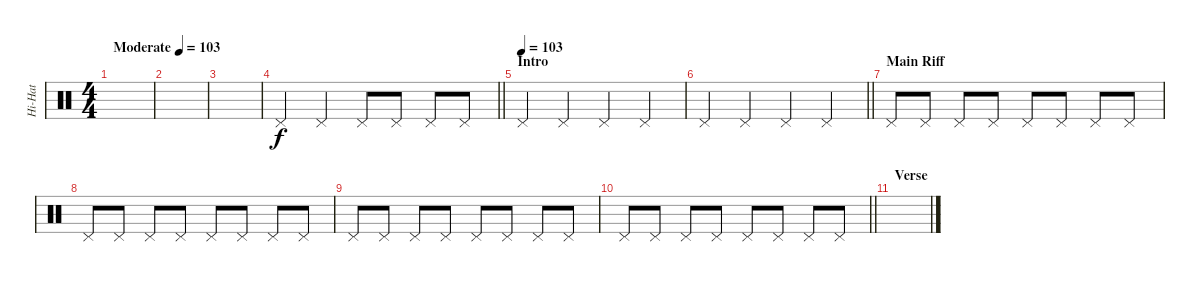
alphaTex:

\track ("Hi-Hat" "Hi-Hat") {instrument percussion}
\staff {score}
\articulation defaults
\ts (4 4)
\tempo (103 "Moderate")
\clef neutral
\ks c
|
|
|
\barLineRight lightlight "Pedal Hi-Hat (hit)".4 "Pedal Hi-Hat (hit)".4 "Pedal Hi-Hat (hit)".8 "Pedal Hi-Hat (hit)".8 "Pedal Hi-Hat (hit)".8 "Pedal Hi-Hat (hit)".8
|
\section ("" "Intro")
\tempo (103)
"Pedal Hi-Hat (hit)".4 "Pedal Hi-Hat (hit)".4 "Pedal Hi-Hat (hit)".4 "Pedal Hi-Hat (hit)".4 |
\barLineRight lightlight "Pedal Hi-Hat (hit)".4 "Pedal Hi-Hat (hit)".4 "Pedal Hi-Hat (hit)".4 "Pedal Hi-Hat (hit)".4
|
\section ("" "Main Riff")
"Pedal Hi-Hat (hit)".8 "Pedal Hi-Hat (hit)".8 "Pedal Hi-Hat (hit)".8 "Pedal Hi-Hat (hit)".8 "Pedal Hi-Hat (hit)".8 "Pedal Hi-Hat (hit)".8 "Pedal Hi-Hat (hit)".8 "Pedal Hi-Hat (hit)".8 |
"Pedal Hi-Hat (hit)".8 "Pedal Hi-Hat (hit)".8 "Pedal Hi-Hat (hit)".8 "Pedal Hi-Hat (hit)".8 "Pedal Hi-Hat (hit)".8 "Pedal Hi-Hat (hit)".8 "Pedal Hi-Hat (hit)".8 "Pedal Hi-Hat (hit)".8 |
"Pedal Hi-Hat (hit)".8 "Pedal Hi-Hat (hit)".8 "Pedal Hi-Hat (hit)".8 "Pedal Hi-Hat (hit)".8 "Pedal Hi-Hat (hit)".8 "Pedal Hi-Hat (hit)".8 "Pedal Hi-Hat (hit)".8 "Pedal Hi-Hat (hit)".8 |
\barLineRight lightlight "Pedal Hi-Hat (hit)".8 "Pedal Hi-Hat (hit)".8 "Pedal Hi-Hat (hit)".8 "Pedal Hi-Hat (hit)".8 "Pedal Hi-Hat (hit)".8 "Pedal Hi-Hat (hit)".8 "Pedal Hi-Hat (hit)".8 "Pedal Hi-Hat (hit)".8
|
\section ("" "Verse")
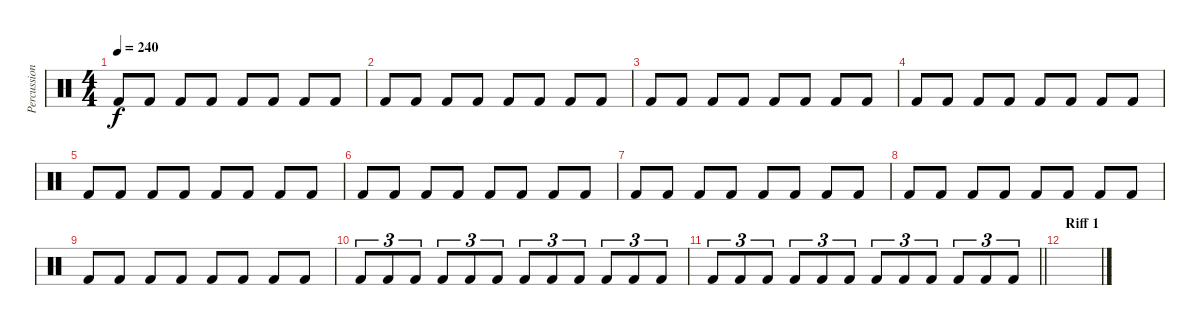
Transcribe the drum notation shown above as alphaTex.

\track ("Percussion" "Percussion") {instrument percussion}
\staff {score}
\articulation defaults
\ts (4 4)
\tempo 240
\clef neutral
\ks c "Kick (hit) 2".8{dy f} "Kick (hit) 2".8 "Kick (hit) 2".8 "Kick (hit) 2".8 "Kick (hit) 2".8 "Kick (hit) 2".8 "Kick (hit) 2".8 "Kick (hit) 2".8
|
"Kick (hit) 2".8 "Kick (hit) 2".8 "Kick (hit) 2".8 "Kick (hit) 2".8 "Kick (hit) 2".8 "Kick (hit) 2".8 "Kick (hit) 2".8 "Kick (hit) 2".8 |
"Kick (hit) 2".8 "Kick (hit) 2".8 "Kick (hit) 2".8 "Kick (hit) 2".8 "Kick (hit) 2".8 "Kick (hit) 2".8 "Kick (hit) 2".8 "Kick (hit) 2".8 |
"Kick (hit) 2".8 "Kick (hit) 2".8 "Kick (hit) 2".8 "Kick (hit) 2".8 "Kick (hit) 2".8 "Kick (hit) 2".8 "Kick (hit) 2".8 "Kick (hit) 2".8 |
"Kick (hit) 2".8 "Kick (hit) 2".8 "Kick (hit) 2".8 "Kick (hit) 2".8 "Kick (hit) 2".8 "Kick (hit) 2".8 "Kick (hit) 2".8 "Kick (hit) 2".8 |
"Kick (hit) 2".8 "Kick (hit) 2".8 "Kick (hit) 2".8 "Kick (hit) 2".8 "Kick (hit) 2".8 "Kick (hit) 2".8 "Kick (hit) 2".8 "Kick (hit) 2".8 |
"Kick (hit) 2".8 "Kick (hit) 2".8 "Kick (hit) 2".8 "Kick (hit) 2".8 "Kick (hit) 2".8 "Kick (hit) 2".8 "Kick (hit) 2".8 "Kick (hit) 2".8 |
"Kick (hit) 2".8 "Kick (hit) 2".8 "Kick (hit) 2".8 "Kick (hit) 2".8 "Kick (hit) 2".8 "Kick (hit) 2".8 "Kick (hit) 2".8 "Kick (hit) 2".8 |
"Kick (hit) 2".8 "Kick (hit) 2".8 "Kick (hit) 2".8 "Kick (hit) 2".8 "Kick (hit) 2".8 "Kick (hit) 2".8 "Kick (hit) 2".8 "Kick (hit) 2".8 |
"Kick (hit) 2".8{tu (3 2)} "Kick (hit) 2".8{tu (3 2)} "Kick (hit) 2".8{tu (3 2)} "Kick (hit) 2".8{tu (3 2)} "Kick (hit) 2".8{tu (3 2)} "Kick (hit) 2".8{tu (3 2)} "Kick (hit) 2".8{tu (3 2)} "Kick (hit) 2".8{tu (3 2)} "Kick (hit) 2".8{tu (3 2)} "Kick (hit) 2".8{tu (3 2)} "Kick (hit) 2".8{tu (3 2)} "Kick (hit) 2".8{tu (3 2)} |
\barLineRight lightlight "Kick (hit) 2".8{tu (3 2)} "Kick (hit) 2".8{tu (3 2)} "Kick (hit) 2".8{tu (3 2)} "Kick (hit) 2".8{tu (3 2)} "Kick (hit) 2".8{tu (3 2)} "Kick (hit) 2".8{tu (3 2)} "Kick (hit) 2".8{tu (3 2)} "Kick (hit) 2".8{tu (3 2)} "Kick (hit) 2".8{tu (3 2)} "Kick (hit) 2".8{tu (3 2)} "Kick (hit) 2".8{tu (3 2)} "Kick (hit) 2".8{tu (3 2)}
|
\section ("" "Riff 1")
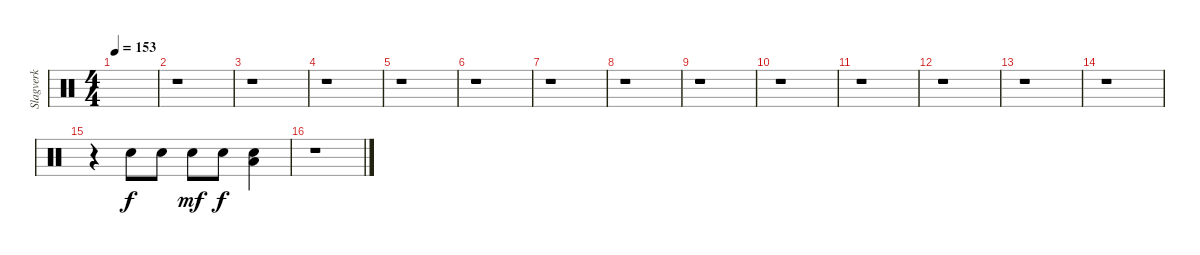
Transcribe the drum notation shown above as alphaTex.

\track ("Slagverk" "Slagverk") {instrument percussion}
\staff {score}
\articulation defaults
\ts (4 4)
\tempo 153
\clef neutral
\ks c
|
r.1 |
r.1 |
r.1 |
r.1 |
r.1 |
r.1 |
r.1 |
r.1 |
r.1 |
r.1 |
r.1 |
r.1 |
r.1 |
r.4 "Snare (hit) 2".8 "Snare (hit) 2".8 "Snare (hit) 2".8{dy mf} "Snare (hit) 2".8{dy f} ("Snare (hit) 2" "Low Floor Tom (hit)").4 |
r.1

• **What this task involves**
Reproduce the listing exactly, images omitted.

• **Exercise solution**
alphaTex:

\track ("Hi-Hat" "Hi-Hat") {instrument percussion}
\staff {score}
\articulation defaults
\ts (4 4)
\tempo (103 "Moderate")
\clef neutral
\ks c
|
|
|
\barLineRight lightlight "Pedal Hi-Hat (hit)".4 "Pedal Hi-Hat (hit)".4 "Pedal Hi-Hat (hit)".8 "Pedal Hi-Hat (hit)".8 "Pedal Hi-Hat (hit)".8 "Pedal Hi-Hat (hit)".8
|
\section ("" "Intro")
\tempo (103)
"Pedal Hi-Hat (hit)".4 "Pedal Hi-Hat (hit)".4 "Pedal Hi-Hat (hit)".4 "Pedal Hi-Hat (hit)".4 |
\barLineRight lightlight "Pedal Hi-Hat (hit)".4 "Pedal Hi-Hat (hit)".4 "Pedal Hi-Hat (hit)".4 "Pedal Hi-Hat (hit)".4
|
\section ("" "Main Riff")
"Pedal Hi-Hat (hit)".8 "Pedal Hi-Hat (hit)".8 "Pedal Hi-Hat (hit)".8 "Pedal Hi-Hat (hit)".8 "Pedal Hi-Hat (hit)".8 "Pedal Hi-Hat (hit)".8 "Pedal Hi-Hat (hit)".8 "Pedal Hi-Hat (hit)".8 |
"Pedal Hi-Hat (hit)".8 "Pedal Hi-Hat (hit)".8 "Pedal Hi-Hat (hit)".8 "Pedal Hi-Hat (hit)".8 "Pedal Hi-Hat (hit)".8 "Pedal Hi-Hat (hit)".8 "Pedal Hi-Hat (hit)".8 "Pedal Hi-Hat (hit)".8 |
"Pedal Hi-Hat (hit)".8 "Pedal Hi-Hat (hit)".8 "Pedal Hi-Hat (hit)".8 "Pedal Hi-Hat (hit)".8 "Pedal Hi-Hat (hit)".8 "Pedal Hi-Hat (hit)".8 "Pedal Hi-Hat (hit)".8 "Pedal Hi-Hat (hit)".8 |
\barLineRight lightlight "Pedal Hi-Hat (hit)".8 "Pedal Hi-Hat (hit)".8 "Pedal Hi-Hat (hit)".8 "Pedal Hi-Hat (hit)".8 "Pedal Hi-Hat (hit)".8 "Pedal Hi-Hat (hit)".8 "Pedal Hi-Hat (hit)".8 "Pedal Hi-Hat (hit)".8
|
\section ("" "Verse")
Transcribe the drum notation shown above as alphaTex.

\track ("Percussion" "Percussion") {instrument percussion}
\staff {score}
\articulation defaults
\ts (4 4)
\tempo 240
\clef neutral
\ks c "Kick (hit) 2".8{dy f} "Kick (hit) 2".8 "Kick (hit) 2".8 "Kick (hit) 2".8 "Kick (hit) 2".8 "Kick (hit) 2".8 "Kick (hit) 2".8 "Kick (hit) 2".8
|
"Kick (hit) 2".8 "Kick (hit) 2".8 "Kick (hit) 2".8 "Kick (hit) 2".8 "Kick (hit) 2".8 "Kick (hit) 2".8 "Kick (hit) 2".8 "Kick (hit) 2".8 |
"Kick (hit) 2".8 "Kick (hit) 2".8 "Kick (hit) 2".8 "Kick (hit) 2".8 "Kick (hit) 2".8 "Kick (hit) 2".8 "Kick (hit) 2".8 "Kick (hit) 2".8 |
"Kick (hit) 2".8 "Kick (hit) 2".8 "Kick (hit) 2".8 "Kick (hit) 2".8 "Kick (hit) 2".8 "Kick (hit) 2".8 "Kick (hit) 2".8 "Kick (hit) 2".8 |
"Kick (hit) 2".8 "Kick (hit) 2".8 "Kick (hit) 2".8 "Kick (hit) 2".8 "Kick (hit) 2".8 "Kick (hit) 2".8 "Kick (hit) 2".8 "Kick (hit) 2".8 |
"Kick (hit) 2".8 "Kick (hit) 2".8 "Kick (hit) 2".8 "Kick (hit) 2".8 "Kick (hit) 2".8 "Kick (hit) 2".8 "Kick (hit) 2".8 "Kick (hit) 2".8 |
"Kick (hit) 2".8 "Kick (hit) 2".8 "Kick (hit) 2".8 "Kick (hit) 2".8 "Kick (hit) 2".8 "Kick (hit) 2".8 "Kick (hit) 2".8 "Kick (hit) 2".8 |
"Kick (hit) 2".8 "Kick (hit) 2".8 "Kick (hit) 2".8 "Kick (hit) 2".8 "Kick (hit) 2".8 "Kick (hit) 2".8 "Kick (hit) 2".8 "Kick (hit) 2".8 |
"Kick (hit) 2".8 "Kick (hit) 2".8 "Kick (hit) 2".8 "Kick (hit) 2".8 "Kick (hit) 2".8 "Kick (hit) 2".8 "Kick (hit) 2".8 "Kick (hit) 2".8 |
"Kick (hit) 2".8{tu (3 2)} "Kick (hit) 2".8{tu (3 2)} "Kick (hit) 2".8{tu (3 2)} "Kick (hit) 2".8{tu (3 2)} "Kick (hit) 2".8{tu (3 2)} "Kick (hit) 2".8{tu (3 2)} "Kick (hit) 2".8{tu (3 2)} "Kick (hit) 2".8{tu (3 2)} "Kick (hit) 2".8{tu (3 2)} "Kick (hit) 2".8{tu (3 2)} "Kick (hit) 2".8{tu (3 2)} "Kick (hit) 2".8{tu (3 2)} |
\barLineRight lightlight "Kick (hit) 2".8{tu (3 2)} "Kick (hit) 2".8{tu (3 2)} "Kick (hit) 2".8{tu (3 2)} "Kick (hit) 2".8{tu (3 2)} "Kick (hit) 2".8{tu (3 2)} "Kick (hit) 2".8{tu (3 2)} "Kick (hit) 2".8{tu (3 2)} "Kick (hit) 2".8{tu (3 2)} "Kick (hit) 2".8{tu (3 2)} "Kick (hit) 2".8{tu (3 2)} "Kick (hit) 2".8{tu (3 2)} "Kick (hit) 2".8{tu (3 2)}
|
\section ("" "Riff 1")
Transcribe the drum notation shown above as alphaTex.

\track ("Slagverk" "Slagverk") {instrument percussion}
\staff {score}
\articulation defaults
\ts (4 4)
\tempo 153
\clef neutral
\ks c
|
r.1 |
r.1 |
r.1 |
r.1 |
r.1 |
r.1 |
r.1 |
r.1 |
r.1 |
r.1 |
r.1 |
r.1 |
r.1 |
r.4 "Snare (hit) 2".8 "Snare (hit) 2".8 "Snare (hit) 2".8{dy mf} "Snare (hit) 2".8{dy f} ("Snare (hit) 2" "Low Floor Tom (hit)").4 |
r.1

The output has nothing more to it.